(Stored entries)

● ● ● ● ● ● ●

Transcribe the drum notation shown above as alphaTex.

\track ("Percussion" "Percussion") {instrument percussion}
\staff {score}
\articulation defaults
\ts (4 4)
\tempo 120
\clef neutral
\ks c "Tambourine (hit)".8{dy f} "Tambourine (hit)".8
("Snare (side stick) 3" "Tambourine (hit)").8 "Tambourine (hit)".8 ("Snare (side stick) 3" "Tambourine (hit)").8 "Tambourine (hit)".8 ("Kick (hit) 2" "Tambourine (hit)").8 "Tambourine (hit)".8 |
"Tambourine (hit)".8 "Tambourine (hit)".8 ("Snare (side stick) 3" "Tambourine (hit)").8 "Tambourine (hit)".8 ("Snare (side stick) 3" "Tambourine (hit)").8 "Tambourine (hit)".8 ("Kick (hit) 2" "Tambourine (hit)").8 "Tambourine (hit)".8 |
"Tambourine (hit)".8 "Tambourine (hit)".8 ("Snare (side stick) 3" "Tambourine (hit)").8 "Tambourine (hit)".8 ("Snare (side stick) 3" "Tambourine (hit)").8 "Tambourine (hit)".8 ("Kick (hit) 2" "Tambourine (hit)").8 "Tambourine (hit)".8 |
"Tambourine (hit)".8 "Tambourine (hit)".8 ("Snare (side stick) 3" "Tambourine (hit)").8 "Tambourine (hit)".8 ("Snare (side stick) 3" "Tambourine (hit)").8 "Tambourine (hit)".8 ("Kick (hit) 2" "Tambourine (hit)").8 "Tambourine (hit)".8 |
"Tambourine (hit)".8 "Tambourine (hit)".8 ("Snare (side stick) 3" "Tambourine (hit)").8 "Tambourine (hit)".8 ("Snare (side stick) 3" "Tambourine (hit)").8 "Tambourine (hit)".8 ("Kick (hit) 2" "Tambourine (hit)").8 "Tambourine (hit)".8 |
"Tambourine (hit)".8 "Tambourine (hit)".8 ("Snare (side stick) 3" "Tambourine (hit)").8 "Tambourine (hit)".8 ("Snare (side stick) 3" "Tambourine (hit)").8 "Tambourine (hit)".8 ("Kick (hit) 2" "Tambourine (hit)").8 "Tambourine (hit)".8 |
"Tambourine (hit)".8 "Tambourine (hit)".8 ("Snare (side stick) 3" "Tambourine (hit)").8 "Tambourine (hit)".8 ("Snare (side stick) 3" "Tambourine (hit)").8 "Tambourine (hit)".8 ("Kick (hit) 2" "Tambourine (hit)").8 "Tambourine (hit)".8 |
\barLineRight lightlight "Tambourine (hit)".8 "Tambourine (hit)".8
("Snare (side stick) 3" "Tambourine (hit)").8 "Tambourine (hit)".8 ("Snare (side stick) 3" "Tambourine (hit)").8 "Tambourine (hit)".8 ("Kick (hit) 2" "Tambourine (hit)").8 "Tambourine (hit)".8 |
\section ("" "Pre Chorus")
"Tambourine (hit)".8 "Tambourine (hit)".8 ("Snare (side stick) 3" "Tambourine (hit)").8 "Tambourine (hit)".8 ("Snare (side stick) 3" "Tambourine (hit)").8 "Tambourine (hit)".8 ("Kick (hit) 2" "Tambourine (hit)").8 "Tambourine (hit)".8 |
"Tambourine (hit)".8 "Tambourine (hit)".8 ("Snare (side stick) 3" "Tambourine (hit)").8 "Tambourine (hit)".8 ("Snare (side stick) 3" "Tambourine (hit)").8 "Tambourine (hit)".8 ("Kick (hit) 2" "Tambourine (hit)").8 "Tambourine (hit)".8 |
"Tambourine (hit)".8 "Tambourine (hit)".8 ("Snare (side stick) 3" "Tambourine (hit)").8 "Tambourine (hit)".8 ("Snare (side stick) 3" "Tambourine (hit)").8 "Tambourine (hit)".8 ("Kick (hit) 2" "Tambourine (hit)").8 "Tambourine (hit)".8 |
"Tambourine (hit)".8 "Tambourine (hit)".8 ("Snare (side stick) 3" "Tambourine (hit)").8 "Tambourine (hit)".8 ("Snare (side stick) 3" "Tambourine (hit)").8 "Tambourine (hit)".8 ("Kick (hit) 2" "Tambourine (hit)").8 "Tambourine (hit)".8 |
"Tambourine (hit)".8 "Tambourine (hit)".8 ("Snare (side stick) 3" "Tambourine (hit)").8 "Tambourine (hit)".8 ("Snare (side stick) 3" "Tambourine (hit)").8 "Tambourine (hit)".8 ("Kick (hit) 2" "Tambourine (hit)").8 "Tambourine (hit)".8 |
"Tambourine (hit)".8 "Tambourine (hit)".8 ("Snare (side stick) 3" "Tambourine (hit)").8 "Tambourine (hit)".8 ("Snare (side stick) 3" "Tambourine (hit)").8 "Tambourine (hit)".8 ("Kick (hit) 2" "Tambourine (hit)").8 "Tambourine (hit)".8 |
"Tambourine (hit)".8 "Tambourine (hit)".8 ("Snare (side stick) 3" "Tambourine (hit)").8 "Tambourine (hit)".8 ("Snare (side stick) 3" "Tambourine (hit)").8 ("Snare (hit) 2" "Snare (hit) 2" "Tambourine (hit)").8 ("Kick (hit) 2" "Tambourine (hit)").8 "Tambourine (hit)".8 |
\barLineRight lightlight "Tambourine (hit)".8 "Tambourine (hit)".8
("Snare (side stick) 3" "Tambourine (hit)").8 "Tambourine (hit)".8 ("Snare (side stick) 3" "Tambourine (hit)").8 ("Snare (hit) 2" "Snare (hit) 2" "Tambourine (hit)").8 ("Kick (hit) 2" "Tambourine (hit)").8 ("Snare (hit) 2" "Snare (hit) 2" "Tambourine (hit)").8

● ● ● ● ● ● ●

Every entry shown above is to be written out exactly.

Transcribe the drum notation shown above as alphaTex.

\track ("Percussion" "Percussion") {instrument percussion}
\staff {score}
\articulation defaults
\ts (4 4)
\tempo 120
\clef neutral
\ks c "Tambourine (hit)".8{dy f} "Tambourine (hit)".8
("Snare (side stick) 3" "Tambourine (hit)").8 "Tambourine (hit)".8 ("Snare (side stick) 3" "Tambourine (hit)").8 "Tambourine (hit)".8 ("Kick (hit) 2" "Tambourine (hit)").8 "Tambourine (hit)".8 |
"Tambourine (hit)".8 "Tambourine (hit)".8 ("Snare (side stick) 3" "Tambourine (hit)").8 "Tambourine (hit)".8 ("Snare (side stick) 3" "Tambourine (hit)").8 "Tambourine (hit)".8 ("Kick (hit) 2" "Tambourine (hit)").8 "Tambourine (hit)".8 |
"Tambourine (hit)".8 "Tambourine (hit)".8 ("Snare (side stick) 3" "Tambourine (hit)").8 "Tambourine (hit)".8 ("Snare (side stick) 3" "Tambourine (hit)").8 "Tambourine (hit)".8 ("Kick (hit) 2" "Tambourine (hit)").8 "Tambourine (hit)".8 |
"Tambourine (hit)".8 "Tambourine (hit)".8 ("Snare (side stick) 3" "Tambourine (hit)").8 "Tambourine (hit)".8 ("Snare (side stick) 3" "Tambourine (hit)").8 "Tambourine (hit)".8 ("Kick (hit) 2" "Tambourine (hit)").8 "Tambourine (hit)".8 |
"Tambourine (hit)".8 "Tambourine (hit)".8 ("Snare (side stick) 3" "Tambourine (hit)").8 "Tambourine (hit)".8 ("Snare (side stick) 3" "Tambourine (hit)").8 "Tambourine (hit)".8 ("Kick (hit) 2" "Tambourine (hit)").8 "Tambourine (hit)".8 |
"Tambourine (hit)".8 "Tambourine (hit)".8 ("Snare (side stick) 3" "Tambourine (hit)").8 "Tambourine (hit)".8 ("Snare (side stick) 3" "Tambourine (hit)").8 "Tambourine (hit)".8 ("Kick (hit) 2" "Tambourine (hit)").8 "Tambourine (hit)".8 |
"Tambourine (hit)".8 "Tambourine (hit)".8 ("Snare (side stick) 3" "Tambourine (hit)").8 "Tambourine (hit)".8 ("Snare (side stick) 3" "Tambourine (hit)").8 "Tambourine (hit)".8 ("Kick (hit) 2" "Tambourine (hit)").8 "Tambourine (hit)".8 |
\barLineRight lightlight "Tambourine (hit)".8 "Tambourine (hit)".8
("Snare (side stick) 3" "Tambourine (hit)").8 "Tambourine (hit)".8 ("Snare (side stick) 3" "Tambourine (hit)").8 "Tambourine (hit)".8 ("Kick (hit) 2" "Tambourine (hit)").8 "Tambourine (hit)".8 |
\section ("" "Pre Chorus")
"Tambourine (hit)".8 "Tambourine (hit)".8 ("Snare (side stick) 3" "Tambourine (hit)").8 "Tambourine (hit)".8 ("Snare (side stick) 3" "Tambourine (hit)").8 "Tambourine (hit)".8 ("Kick (hit) 2" "Tambourine (hit)").8 "Tambourine (hit)".8 |
"Tambourine (hit)".8 "Tambourine (hit)".8 ("Snare (side stick) 3" "Tambourine (hit)").8 "Tambourine (hit)".8 ("Snare (side stick) 3" "Tambourine (hit)").8 "Tambourine (hit)".8 ("Kick (hit) 2" "Tambourine (hit)").8 "Tambourine (hit)".8 |
"Tambourine (hit)".8 "Tambourine (hit)".8 ("Snare (side stick) 3" "Tambourine (hit)").8 "Tambourine (hit)".8 ("Snare (side stick) 3" "Tambourine (hit)").8 "Tambourine (hit)".8 ("Kick (hit) 2" "Tambourine (hit)").8 "Tambourine (hit)".8 |
"Tambourine (hit)".8 "Tambourine (hit)".8 ("Snare (side stick) 3" "Tambourine (hit)").8 "Tambourine (hit)".8 ("Snare (side stick) 3" "Tambourine (hit)").8 "Tambourine (hit)".8 ("Kick (hit) 2" "Tambourine (hit)").8 "Tambourine (hit)".8 |
"Tambourine (hit)".8 "Tambourine (hit)".8 ("Snare (side stick) 3" "Tambourine (hit)").8 "Tambourine (hit)".8 ("Snare (side stick) 3" "Tambourine (hit)").8 "Tambourine (hit)".8 ("Kick (hit) 2" "Tambourine (hit)").8 "Tambourine (hit)".8 |
"Tambourine (hit)".8 "Tambourine (hit)".8 ("Snare (side stick) 3" "Tambourine (hit)").8 "Tambourine (hit)".8 ("Snare (side stick) 3" "Tambourine (hit)").8 "Tambourine (hit)".8 ("Kick (hit) 2" "Tambourine (hit)").8 "Tambourine (hit)".8 |
"Tambourine (hit)".8 "Tambourine (hit)".8 ("Snare (side stick) 3" "Tambourine (hit)").8 "Tambourine (hit)".8 ("Snare (side stick) 3" "Tambourine (hit)").8 ("Snare (hit) 2" "Snare (hit) 2" "Tambourine (hit)").8 ("Kick (hit) 2" "Tambourine (hit)").8 "Tambourine (hit)".8 |
\barLineRight lightlight "Tambourine (hit)".8 "Tambourine (hit)".8
("Snare (side stick) 3" "Tambourine (hit)").8 "Tambourine (hit)".8 ("Snare (side stick) 3" "Tambourine (hit)").8 ("Snare (hit) 2" "Snare (hit) 2" "Tambourine (hit)").8 ("Kick (hit) 2" "Tambourine (hit)").8 ("Snare (hit) 2" "Snare (hit) 2" "Tambourine (hit)").8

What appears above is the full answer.